*** Information ***

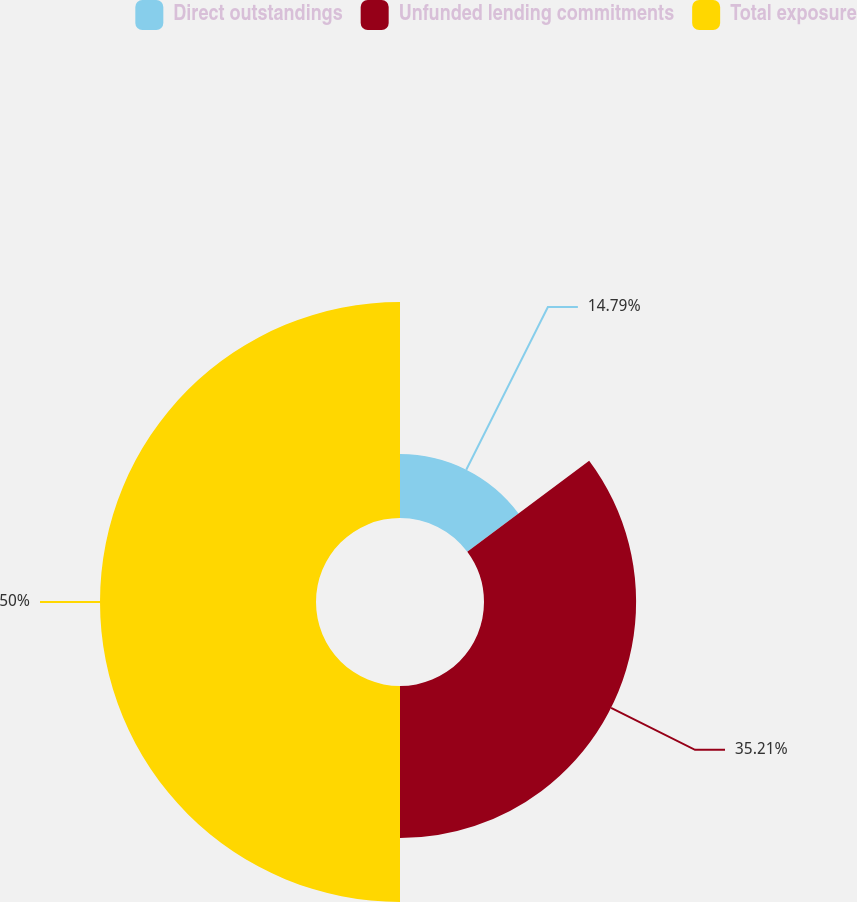Convert chart. <chart><loc_0><loc_0><loc_500><loc_500><pie_chart><fcel>Direct outstandings<fcel>Unfunded lending commitments<fcel>Total exposure<nl><fcel>14.79%<fcel>35.21%<fcel>50.0%<nl></chart> 
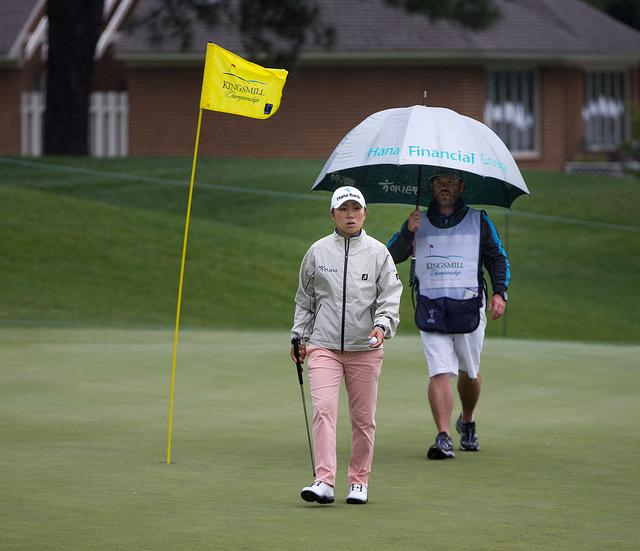What are they doing?

Choices:
A) stealing balls
B) leaving
C) arguing
D) golfing golfing

*** End of Information ***

**Task goal**
The listing above should be returned word for word, with pictures omitted.

**Answer to this exercise**
Convert chart. <chart><loc_0><loc_0><loc_500><loc_500><pie_chart><fcel>Direct outstandings<fcel>Unfunded lending commitments<fcel>Total exposure<nl><fcel>14.79%<fcel>35.21%<fcel>50.0%<nl></chart> 
What are they doing?

Choices:
A) stealing balls
B) leaving
C) arguing
D) golfing golfing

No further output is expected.